Alors, ce n'est peut être pas un film exempt de défauts, ni même vraiment ce qu'on pourrait appeler un bon film. Mais je me ferai aujourd'hui l'avocat du diable.
Edward Bear parle avec le cœur et avec bienveillance, et c'est assez rare dans le cinéma (ou disons de ce qui est le plus vu et mis en avant) pour être souligné. Il parle avec le cœur, comme d'habitude, sur les petites choses de la vie pleine de poésie. Quand dans ''Ouvert la nuit'' il faisait déambuler sa caméra entre théâtre et les nuits vivantes à Paris, ici, il la dirige sur un repas annuel, inhérent au temps qui passe que personne n'apprécie particulièrement mais que tout le monde supporte. On y observe la vieillesse, touchante, d'un regard extérieur, mais intimiste, caméra fébrile, à l'épaule et proche des acteurs.
Il parle avec le cœur et cela se traduit par un regard intime sur ses comédiens et amis en les laissant faire ce qu'il savent faire le mieux. Chacun joue un peu son propre rôle. En tout cas d'un point de vue extérieur et vis à vis de leur image publique, ce film, j'y crois pas mal. Benoît Poelvoorde lourd et encombrant face à sa propre lourdeur, Daniel Prévost cynique à l'humour glacé sophistiqué, François Damiens simple et conciliant, Pierre Arditi dans l'emportement et l'opposition, Gérard Depardieu lourd et encombrant aussi, au sens littéral lui (grosse blague, je suis fier), mais aussi renfrogné et grognon à l'idée de sociabiliser. Bon, je les fais pas tous, flemme de trouver assez d'adjectifs mais vous avez l'idée.
Disons qu'avec tout ça, j'oublie un peu que ce sont des acteurs, je les vois comme les humains qu'ils sont.

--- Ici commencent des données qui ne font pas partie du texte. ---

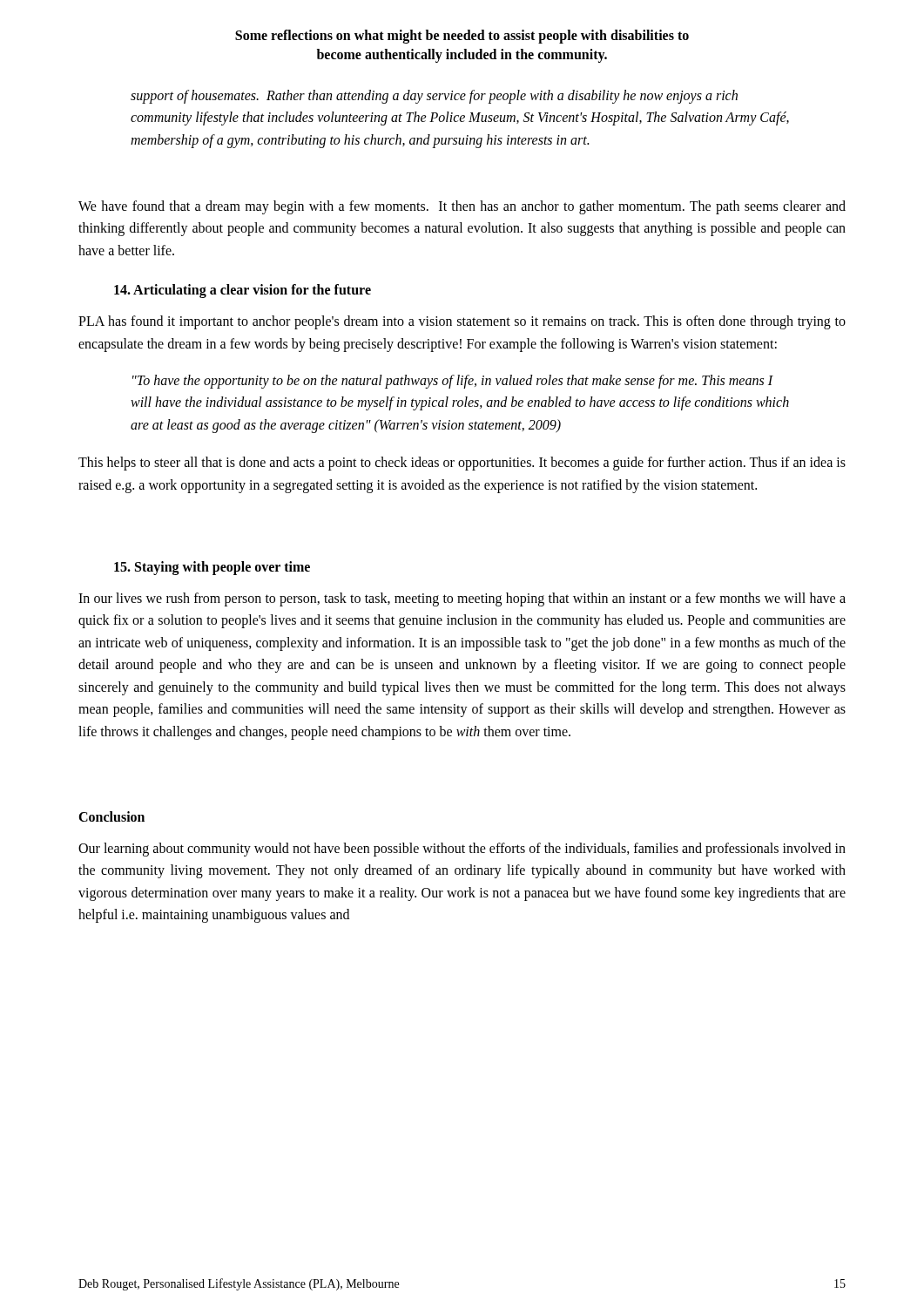Find the region starting "We have found"
The width and height of the screenshot is (924, 1307).
pyautogui.click(x=462, y=228)

Et ça, je trouve que c'est un point intéressant dans du film. Nos acteurs vieillissent, leurs caractères s'exacerbent et la peur de la vieillesse et de la mort pèsent sur chacun. Même les défauts que l'on pourrait reprocher au film en deviennent touchants. On arrive à fermer les yeux dessus pour regarder ces vieux comédiens se donner un petit moment de répis dans leur lutte effrénée contre l'âge.

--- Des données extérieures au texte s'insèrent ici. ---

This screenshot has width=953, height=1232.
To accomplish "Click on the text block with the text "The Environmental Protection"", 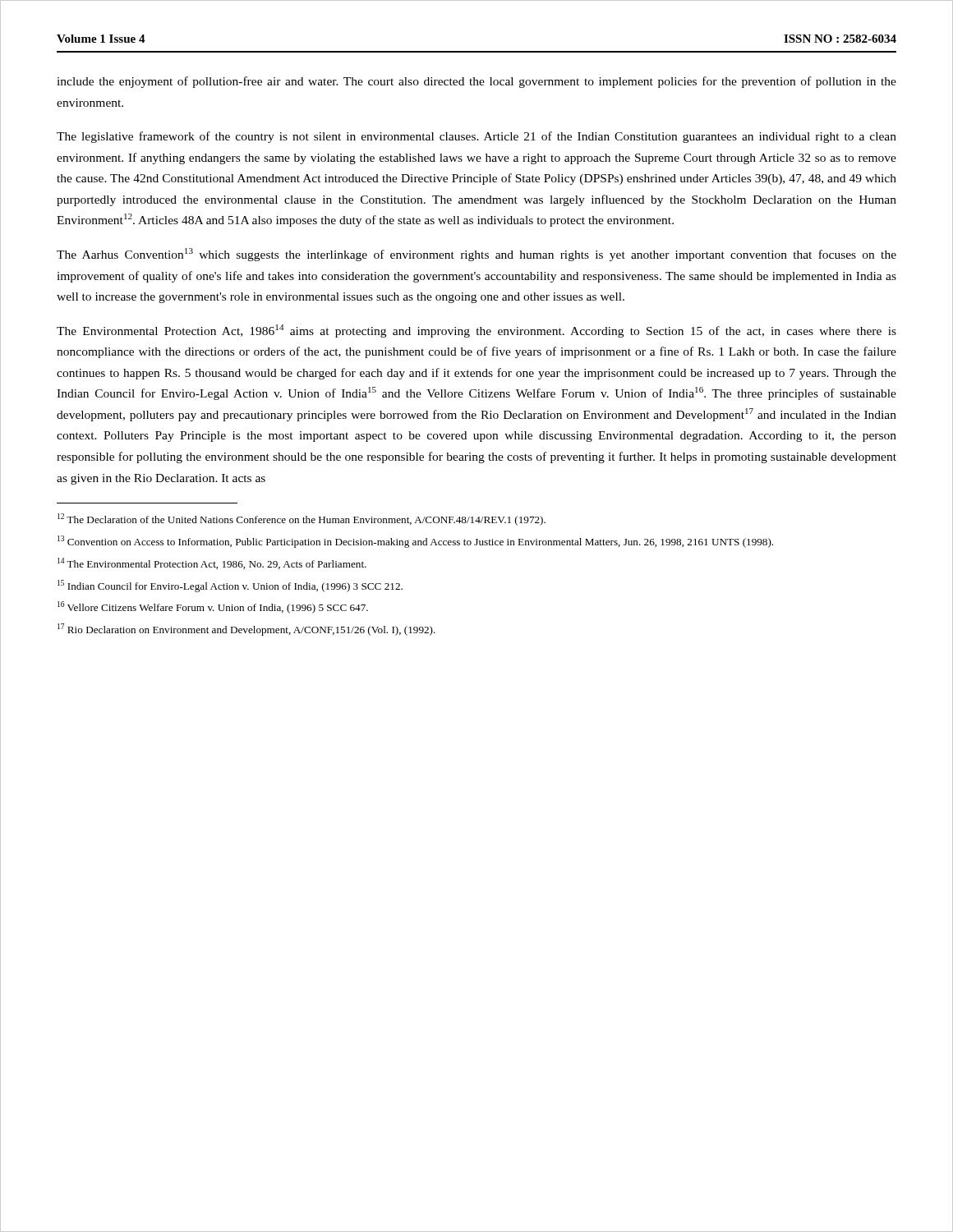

Si le film peut être assez agaçant par moment, c'est comme je le ressentirait en assistant à un repas comme celui auquel on est exposé, et comme chacun des intéressés le ressent aussi. Mais malgré ça, on vit quelques moment éparses de convivialité et d'amusement. Tout cela en vaut peut-être la chandelle. S'échapper un instant de cette vieillesse redondante et de l'approche pesante de cette mort inévitable.